**WORK INSTRUCTIONS**
Would you retype the whole listing verbatim, keeping pictures out of it?

**RAW DATA**
++++++++++
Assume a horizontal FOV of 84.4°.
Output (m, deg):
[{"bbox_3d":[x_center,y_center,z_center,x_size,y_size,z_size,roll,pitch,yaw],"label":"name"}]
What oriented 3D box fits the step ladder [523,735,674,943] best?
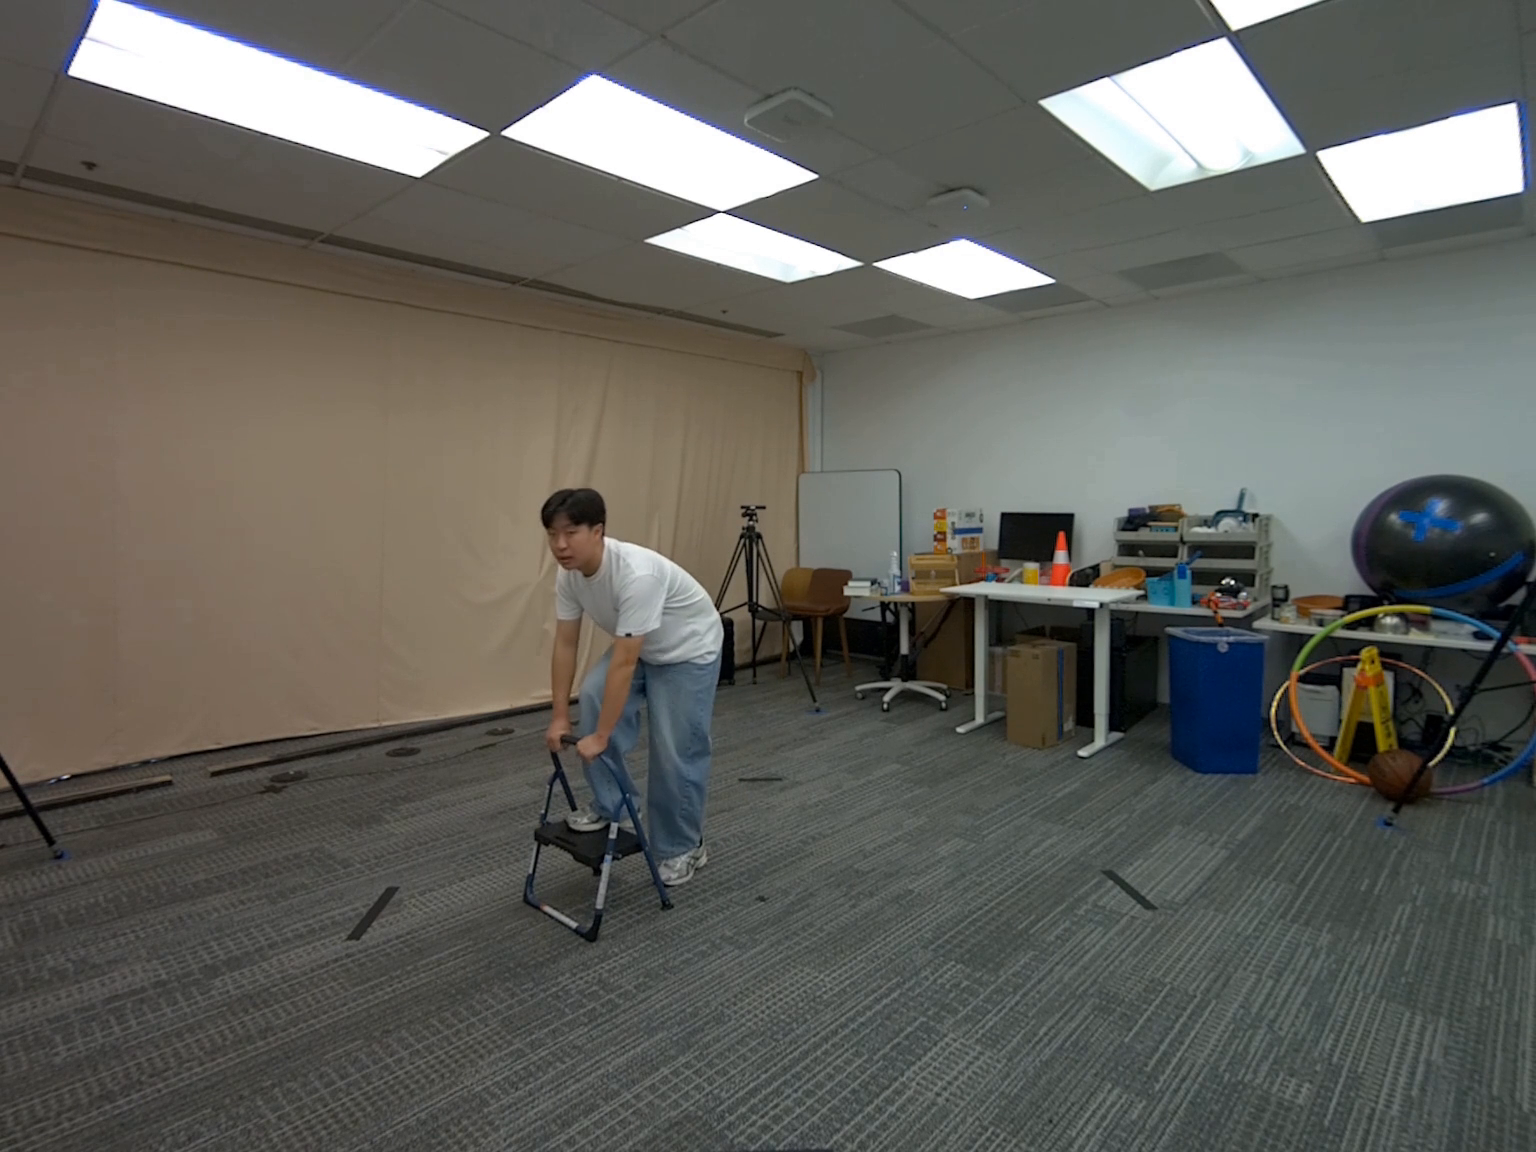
[{"bbox_3d":[-0.604,0.848,2.933,0.445,0.605,0.338,2,4,43],"label":"step ladder"}]
++++++++++
**REPLY TO THE EXERCISE**
Assume a horizontal FOV of 84.4°.
Output (m, deg):
[{"bbox_3d":[x_center,y_center,z_center,x_size,y_size,z_size,roll,pitch,yaw],"label":"name"}]
What oriented 3D box fits the step ladder [523,735,674,943] best?
[{"bbox_3d":[-0.604,0.848,2.933,0.445,0.605,0.338,2,4,43],"label":"step ladder"}]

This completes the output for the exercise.